BEGIN DATASET EXTRACT
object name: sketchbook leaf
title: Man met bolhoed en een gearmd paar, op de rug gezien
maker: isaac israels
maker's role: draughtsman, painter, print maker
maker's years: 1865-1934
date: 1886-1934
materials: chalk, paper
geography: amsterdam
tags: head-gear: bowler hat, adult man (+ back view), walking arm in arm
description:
END DATASET EXTRACT
BEGIN DATASET EXTRACT
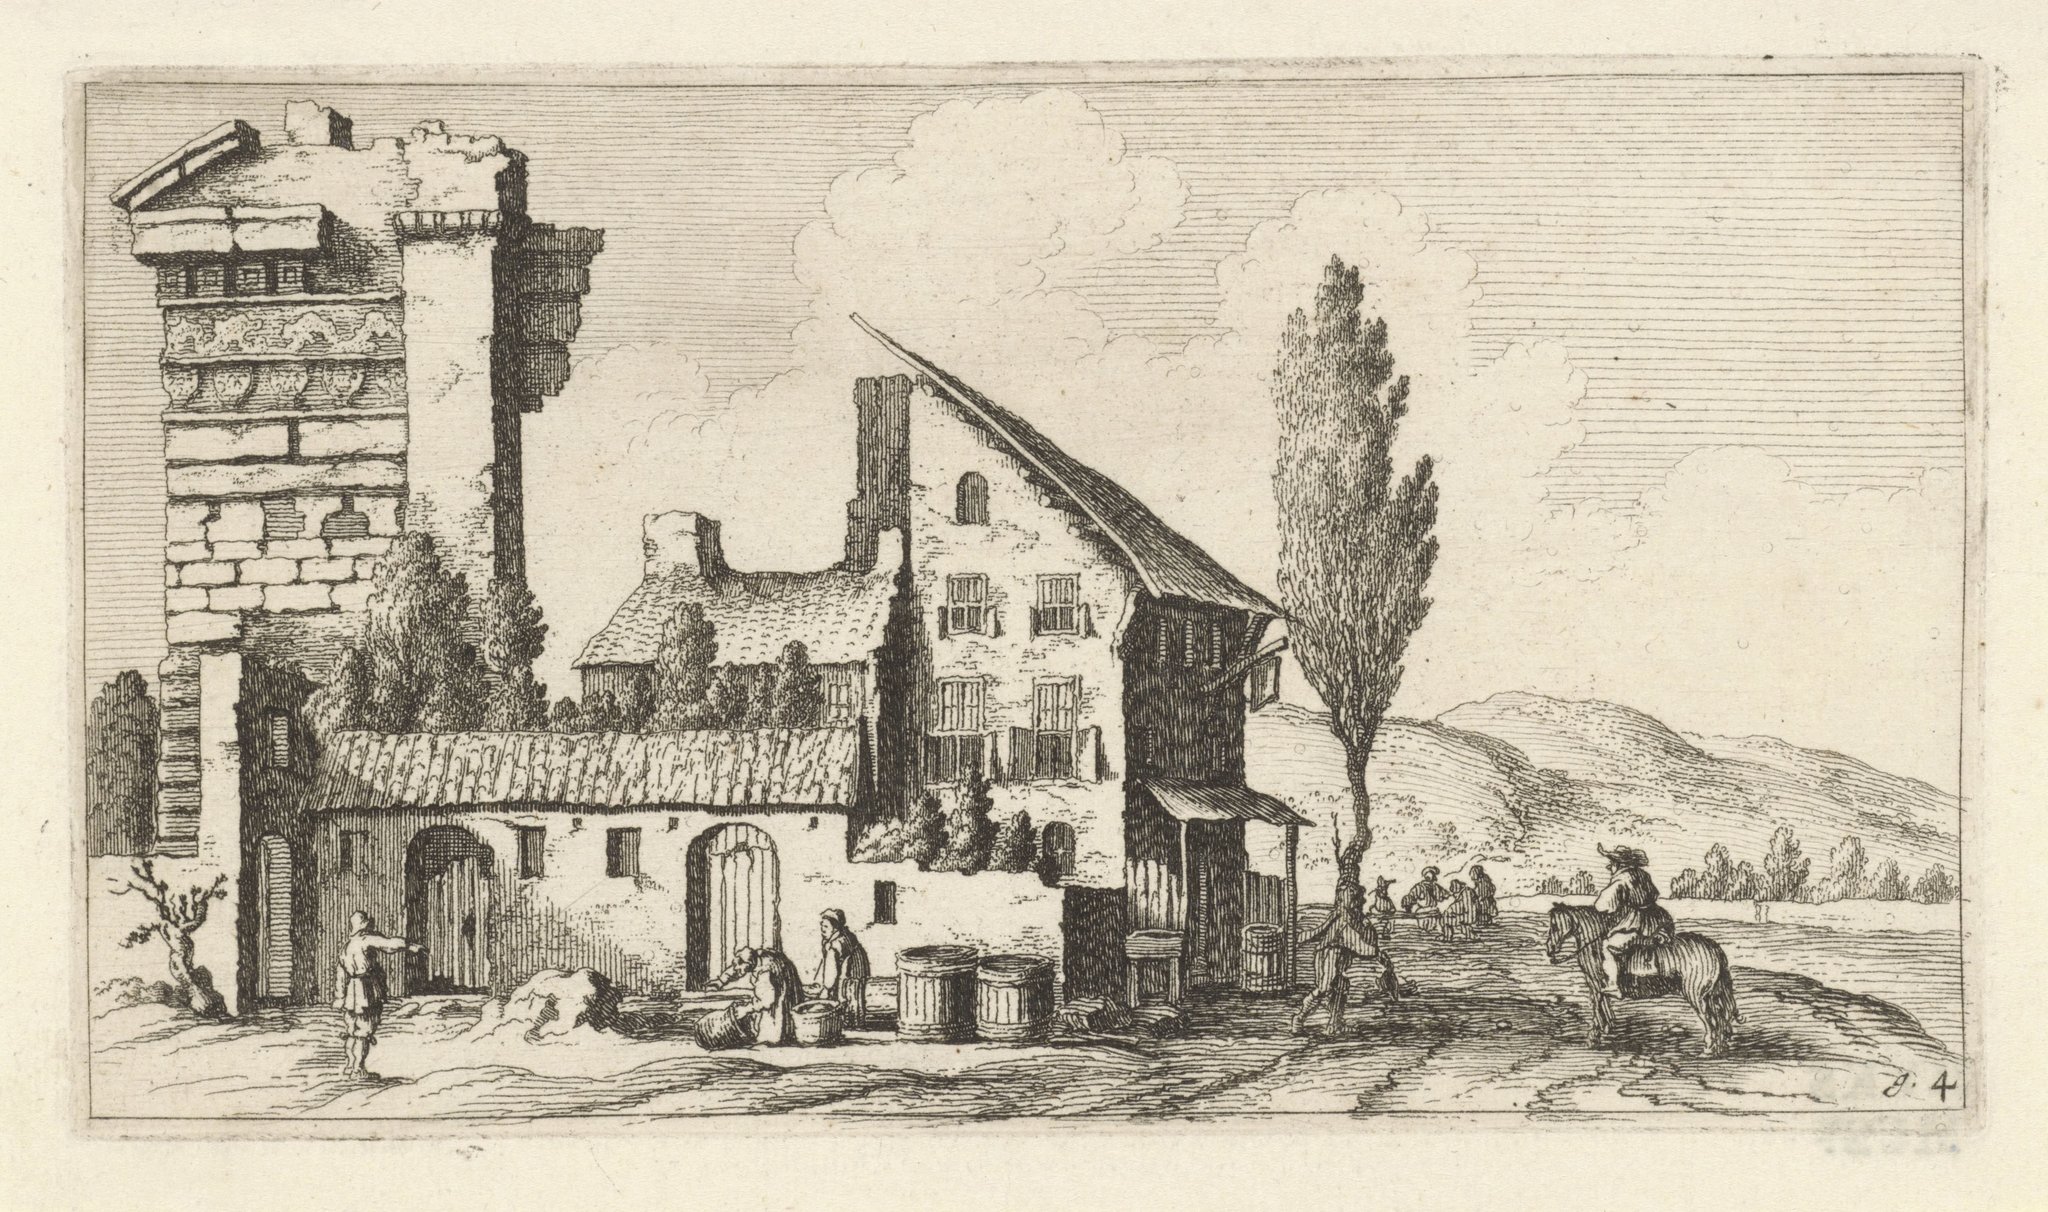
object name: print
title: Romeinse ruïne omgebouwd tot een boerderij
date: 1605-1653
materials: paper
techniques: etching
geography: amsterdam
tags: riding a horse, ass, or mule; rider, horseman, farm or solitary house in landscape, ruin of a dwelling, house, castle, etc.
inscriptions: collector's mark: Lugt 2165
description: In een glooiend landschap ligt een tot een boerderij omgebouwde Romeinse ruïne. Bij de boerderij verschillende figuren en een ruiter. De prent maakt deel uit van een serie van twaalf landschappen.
END DATASET EXTRACT
EXERCISE DIRECTIONS » From the entries above, return exactly the line containing "title: Romeinse ruïne", the line containing "tags: riding a", and all lines between, and nothing else.

THE COMPLETED TASK »
title: Romeinse ruïne omgebouwd tot een boerderij
date: 1605-1653
materials: paper
techniques: etching
geography: amsterdam
tags: riding a horse, ass, or mule; rider, horseman, farm or solitary house in landscape, ruin of a dwelling, house, castle, etc.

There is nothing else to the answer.